The rise of NFTs
NFT is a digital certificate, established via a connection to the blockchain, that defines originality and uniqueness to digital assets. A meaning to “Non-fungible Token,” NFTs have attracted attention after millions of dollars have been used to buy such assets on the Internet. For example, a digital Ape, made of pixels sold for exactly 1.5 million dollars (420 Ethereum’s for the as of today price of 1 ETH = $3,720).
An NFT attached to any digital item – an image, photo, video, music, message, social network post, etc. – makes that item unique to the world. – makes that item unique in the world, creating scarcity around the item and opening space for a market to take hold, involving collectors and investors interested in investing real money in the acquisition of digital works and assets. You might be asking yourself: how is this possible? The term for creating an NFT is known as “minting,” and when you mint a token (an image, video, music, etc.) you create a smart contract with the blockchain of the cryptocurrency in matter. The contract states that given the “hash code” provided after the mint, that token is not fungible anymore, it is unique and along those lines; it is scarce. Many platforms prefer to use Ethereum, the most known cryptocurrency in terms of NFTs, but others would prefer to use Cardano or Solana due to low transaction fees compared to Ethereum.
The bigger picture here is, the cryptocurrency environment has the ultimate goal to decentralize—break centralized power and distribute it in a healthy fashion. It also diminishes bureaucracy as huge transactions can happen at any given time without any logistical problem.

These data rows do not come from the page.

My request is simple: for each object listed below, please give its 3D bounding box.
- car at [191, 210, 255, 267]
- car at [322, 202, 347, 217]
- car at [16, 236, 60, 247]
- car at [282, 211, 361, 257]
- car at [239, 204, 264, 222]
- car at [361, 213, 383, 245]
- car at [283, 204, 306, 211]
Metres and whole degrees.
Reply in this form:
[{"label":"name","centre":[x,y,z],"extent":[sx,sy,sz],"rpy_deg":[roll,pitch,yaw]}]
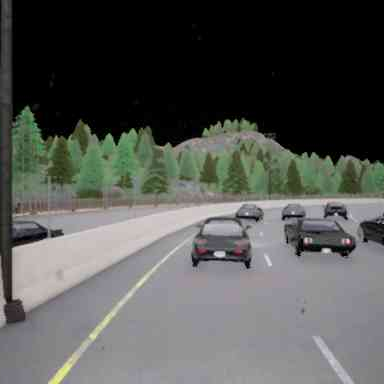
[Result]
[{"label":"car","centre":[1.087,1.588,11.596],"extent":[1.812,1.442,4.674],"rpy_deg":[0,0,7]},{"label":"car","centre":[13.325,1.706,31.018],"extent":[1.837,1.490,4.892],"rpy_deg":[0,0,21]},{"label":"car","centre":[-6.243,1.635,10.882],"extent":[1.895,1.301,4.718],"rpy_deg":[0,0,7]},{"label":"car","centre":[4.853,1.685,13.338],"extent":[1.895,1.301,4.718],"rpy_deg":[0,0,9]},{"label":"car","centre":[5.009,1.724,28.511],"extent":[1.994,1.385,4.181],"rpy_deg":[0,0,18]},{"label":"car","centre":[8.499,1.590,13.786],"extent":[2.128,1.511,4.902],"rpy_deg":[0,0,9]},{"label":"car","centre":[9.268,1.746,30.087],"extent":[1.994,1.385,4.181],"rpy_deg":[0,0,20]}]
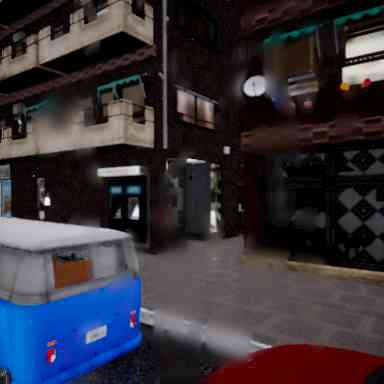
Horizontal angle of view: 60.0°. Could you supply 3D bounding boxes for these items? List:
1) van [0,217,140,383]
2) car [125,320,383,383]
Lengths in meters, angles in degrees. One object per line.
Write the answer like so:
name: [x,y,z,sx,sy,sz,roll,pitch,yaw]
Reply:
van: [-2.546,1.304,4.721,3.998,1.788,1.690,1,0,36]
car: [1.978,1.552,1.474,4.507,1.381,1.887,1,0,36]
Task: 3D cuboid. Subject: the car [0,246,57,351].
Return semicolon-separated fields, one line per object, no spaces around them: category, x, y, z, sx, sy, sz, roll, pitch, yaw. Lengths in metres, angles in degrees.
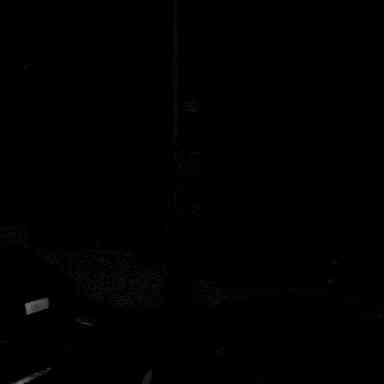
car;-3.823;1.628;5.805;4.313;1.339;1.947;-1;0;35

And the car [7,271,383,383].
car;0.655;1.553;2.611;4.507;1.381;1.887;-1;0;35
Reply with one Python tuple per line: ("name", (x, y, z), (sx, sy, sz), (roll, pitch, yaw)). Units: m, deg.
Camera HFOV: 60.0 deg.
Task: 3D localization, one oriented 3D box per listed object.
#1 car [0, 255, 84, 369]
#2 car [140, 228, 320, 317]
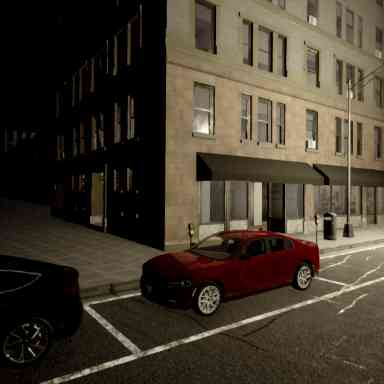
("car", (-3.604, 1.566, 4.187), (4.313, 1.339, 1.947), (0, 1, -35))
("car", (1.017, 1.545, 7.477), (4.507, 1.381, 1.887), (0, 1, -35))
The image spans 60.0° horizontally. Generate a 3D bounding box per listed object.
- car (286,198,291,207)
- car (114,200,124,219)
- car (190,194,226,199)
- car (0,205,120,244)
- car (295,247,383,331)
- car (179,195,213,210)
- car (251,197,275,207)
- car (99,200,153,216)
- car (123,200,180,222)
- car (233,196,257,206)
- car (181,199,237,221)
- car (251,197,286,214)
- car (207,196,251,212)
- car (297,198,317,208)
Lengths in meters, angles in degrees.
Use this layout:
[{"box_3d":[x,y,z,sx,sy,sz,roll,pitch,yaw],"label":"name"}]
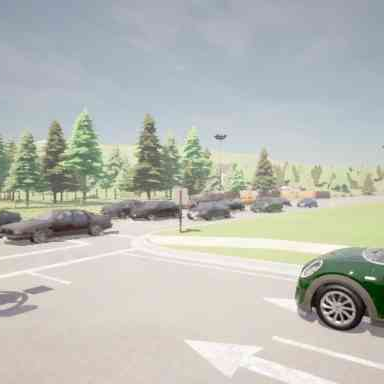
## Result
[{"box_3d":[13.017,1.525,48.664,1.812,1.442,4.674,0,0,37],"label":"car"},{"box_3d":[-5.587,1.505,29.270,1.837,1.490,4.892,0,0,36],"label":"car"},{"box_3d":[2.300,1.222,39.999,2.150,2.045,5.566,0,0,36],"label":"car"},{"box_3d":[-6.320,1.548,16.108,2.033,1.411,5.357,0,0,34],"label":"car"},{"box_3d":[4.081,1.352,5.378,4.553,1.767,2.097,0,0,36],"label":"car"},{"box_3d":[0.582,1.352,43.579,2.097,1.767,4.553,0,0,36],"label":"car"},{"box_3d":[11.100,1.564,51.942,1.994,1.385,4.181,0,0,37],"label":"car"},{"box_3d":[-6.600,1.547,33.803,2.033,1.411,5.357,0,0,36],"label":"car"},{"box_3d":[-2.855,1.478,27.076,1.882,1.535,5.008,0,0,36],"label":"car"},{"box_3d":[8.767,1.478,54.679,1.882,1.535,5.008,0,0,37],"label":"car"},{"box_3d":[1.482,1.525,27.066,1.812,1.442,4.674,0,0,36],"label":"car"},{"box_3d":[8.108,1.352,36.089,2.097,1.767,4.553,0,0,36],"label":"car"},{"box_3d":[4.160,1.491,36.627,2.128,1.511,4.902,0,0,36],"label":"car"},{"box_3d":[16.433,1.526,47.392,1.812,1.442,4.674,0,0,36],"label":"car"}]
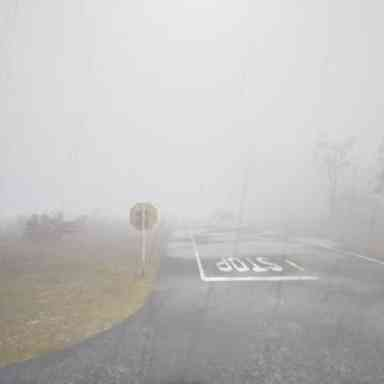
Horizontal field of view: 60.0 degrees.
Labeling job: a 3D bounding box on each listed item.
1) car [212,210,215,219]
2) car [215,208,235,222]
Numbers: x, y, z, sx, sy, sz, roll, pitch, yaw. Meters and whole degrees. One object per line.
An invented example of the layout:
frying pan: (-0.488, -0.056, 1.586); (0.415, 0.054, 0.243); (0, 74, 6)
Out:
car: (4.523, 3.556, 56.299); (2.097, 1.767, 4.553); (0, -2, -1)
car: (4.778, 3.289, 46.051); (2.128, 1.511, 4.902); (0, -2, -1)
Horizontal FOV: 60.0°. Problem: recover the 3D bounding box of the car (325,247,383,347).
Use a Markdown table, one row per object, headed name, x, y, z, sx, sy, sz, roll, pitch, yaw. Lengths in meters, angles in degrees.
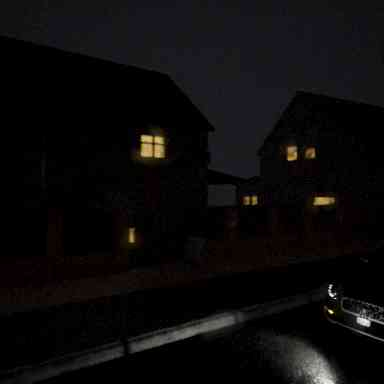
| name | x | y | z | sx | sy | sz | roll | pitch | yaw |
| --- | --- | --- | --- | --- | --- | --- | --- | --- | --- |
| car | 4.397 | 1.523 | 5.865 | 4.892 | 1.490 | 1.837 | 0 | 0 | -33 |
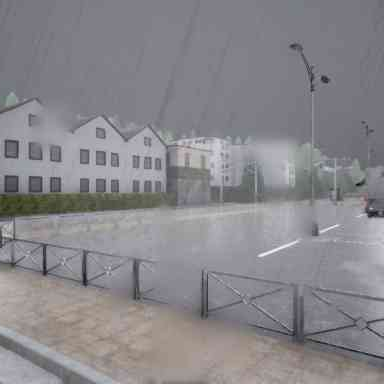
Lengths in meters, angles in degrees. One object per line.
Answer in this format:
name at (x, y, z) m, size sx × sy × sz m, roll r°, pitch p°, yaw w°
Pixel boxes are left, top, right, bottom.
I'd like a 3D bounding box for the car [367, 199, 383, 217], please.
car at (15.439, 1.298, 26.800) m, size 2.007 × 1.523 × 4.514 m, roll 0°, pitch 0°, yaw 35°
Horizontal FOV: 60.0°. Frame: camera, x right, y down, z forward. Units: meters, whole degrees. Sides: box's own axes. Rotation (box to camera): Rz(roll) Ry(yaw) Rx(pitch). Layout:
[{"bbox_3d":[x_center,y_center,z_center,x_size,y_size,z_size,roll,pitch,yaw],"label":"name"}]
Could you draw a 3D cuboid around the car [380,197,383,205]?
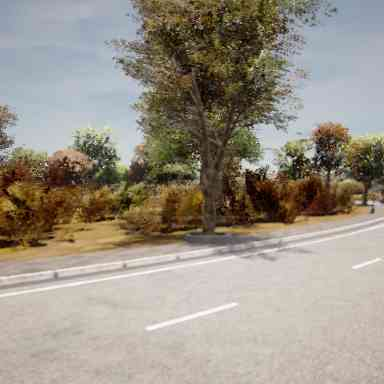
[{"bbox_3d":[37.533,1.785,63.795,1.837,1.490,4.892,0,0,17],"label":"car"}]
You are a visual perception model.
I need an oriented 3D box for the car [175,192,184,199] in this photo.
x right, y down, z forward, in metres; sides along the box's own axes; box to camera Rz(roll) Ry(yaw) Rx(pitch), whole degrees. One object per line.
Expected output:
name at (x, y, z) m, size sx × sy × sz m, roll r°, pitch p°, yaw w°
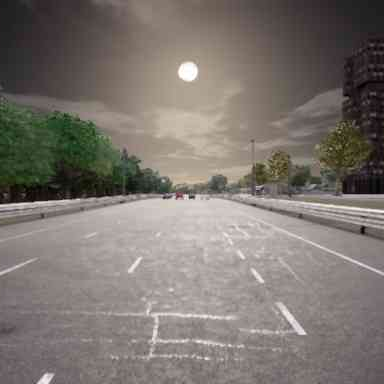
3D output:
car at (-3.504, 1.039, 93.012) m, size 2.150 × 2.045 × 5.566 m, roll 0°, pitch 0°, yaw 0°

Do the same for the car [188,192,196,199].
car at (-0.004, 1.314, 92.981) m, size 1.837 × 1.490 × 4.892 m, roll 0°, pitch 0°, yaw 0°

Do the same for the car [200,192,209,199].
car at (3.496, 1.039, 93.012) m, size 2.150 × 2.045 × 5.566 m, roll 0°, pitch 0°, yaw 0°

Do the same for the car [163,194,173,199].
car at (-7.004, 1.291, 92.981) m, size 1.882 × 1.535 × 5.008 m, roll 0°, pitch 0°, yaw 0°
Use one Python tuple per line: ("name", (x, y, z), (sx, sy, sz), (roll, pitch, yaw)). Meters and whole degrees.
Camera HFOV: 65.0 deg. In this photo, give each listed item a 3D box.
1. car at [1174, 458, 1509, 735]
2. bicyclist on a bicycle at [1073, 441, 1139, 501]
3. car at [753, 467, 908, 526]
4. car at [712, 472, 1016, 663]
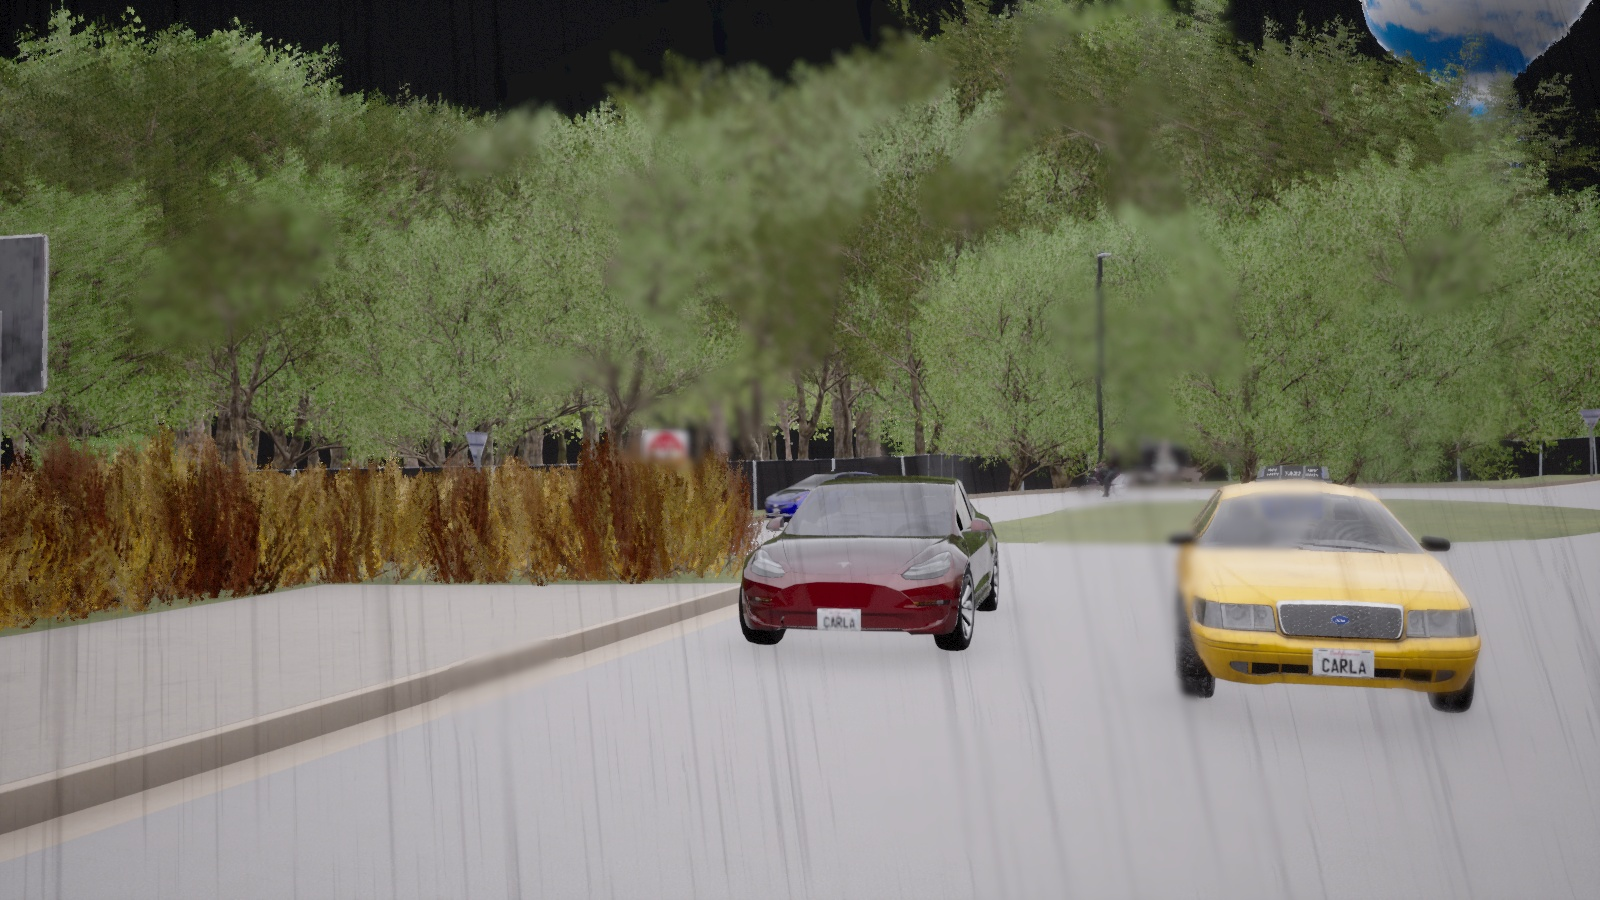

It is shaping the world to eliminate those remaining steps for the 100% online step. There is one sociological model known as “Laggard’s Technological Adoption Curve” which measures the progressive adoption of technology.
Absolutely whoever is having exposure to the NFT market right now, it certainly is at the “innovators” stage. You might be thinking, “Some random pixel Ape was sold for $1.5 million at the earliest stage of the market, how is that possible?” and the answer to that question is: extraordinarily rich people. There are many tax incentives for art buyers, and NFTs qualify at that sphere, so in simple terms, it is a way of rich people pay less taxes. That is not the absolute only reason, there are uncountable projects in progress around the NFT world, and very soon we will see movie scenes or even TikTok videos being commercialized through these marketplaces, and you will be able to purchase these moments and say that they are yours! A hint: if you ever be in possession of such, congratulations. You just became very wealthy.
The crypto universe is crazy, filled with emotions in such a fast-paced fashion. Afterall, knowledge is key. To truly be successful at this universe, you must understand the concepts, the projects and be up to date with news; one spark can change everything, and you must be one of the first ones to see it. The Laggard’s curve displays to you that whoever is an early adopter, has the biggest chances to acquire some rare NFTs. It is important to know that there are millions of people that are trying to profit from FOMO buyers—the famous “fear of missing out” is extremely present in crypto.
This universe is simple, whoever enters early will benefit the most, whoever enters early and is educated will be an NFT king in the future. With that said, be patient and calm, educate yourself the most and do not FOMO in. Try not to buy too many NFT, punks!